Your task = Would you copy the records exactly, leaving the pictures out?

Records contained in a dataset:
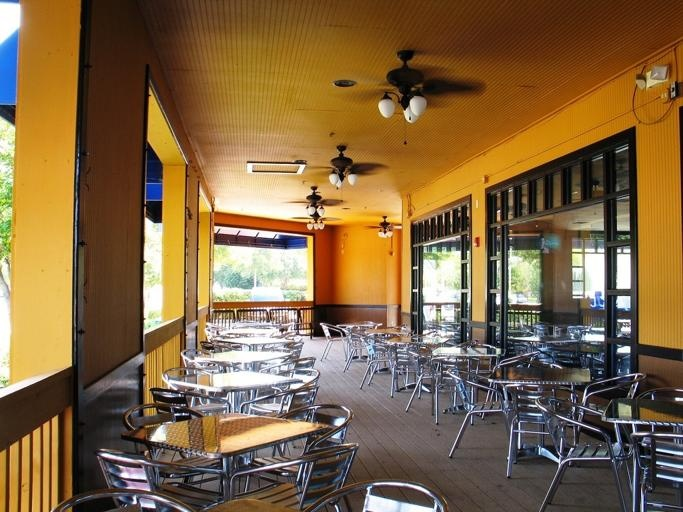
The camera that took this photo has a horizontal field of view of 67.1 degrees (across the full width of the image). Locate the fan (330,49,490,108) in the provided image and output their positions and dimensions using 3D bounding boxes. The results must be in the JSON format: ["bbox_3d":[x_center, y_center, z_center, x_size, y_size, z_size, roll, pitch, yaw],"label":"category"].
[{"bbox_3d":[0.796,-1.932,5.816,0.914,0.291,0.892,-1,3,-37],"label":"fan"}]

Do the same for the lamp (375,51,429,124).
[{"bbox_3d":[0.648,-1.834,5.435,0.525,0.613,0.450,-13,34,-11],"label":"lamp"}]
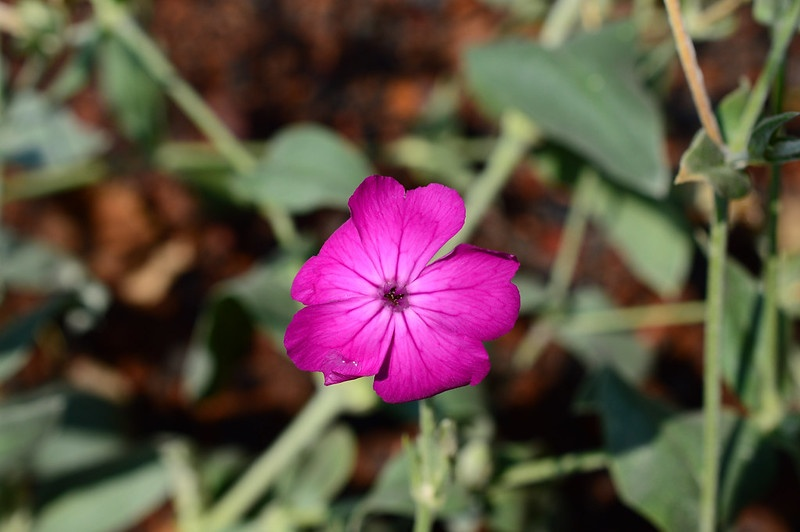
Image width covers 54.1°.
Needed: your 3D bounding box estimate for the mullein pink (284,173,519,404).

Response area =
The camera that took this photo has a horizontal field of view of 67.1 degrees (across the full width of the image). Locate the fan (330,49,490,108) in the provided image and output their positions and dimensions using 3D bounding boxes. The results must be in the JSON format: ["bbox_3d":[x_center, y_center, z_center, x_size, y_size, z_size, roll, pitch, yaw],"label":"category"].
[{"bbox_3d":[0.796,-1.932,5.816,0.914,0.291,0.892,-1,3,-37],"label":"fan"}]

Do the same for the lamp (375,51,429,124).
[{"bbox_3d":[0.648,-1.834,5.435,0.525,0.613,0.450,-13,34,-11],"label":"lamp"}]
Image width covers 54.1°.
Needed: your 3D bounding box estimate for the mullein pink (284,173,519,404).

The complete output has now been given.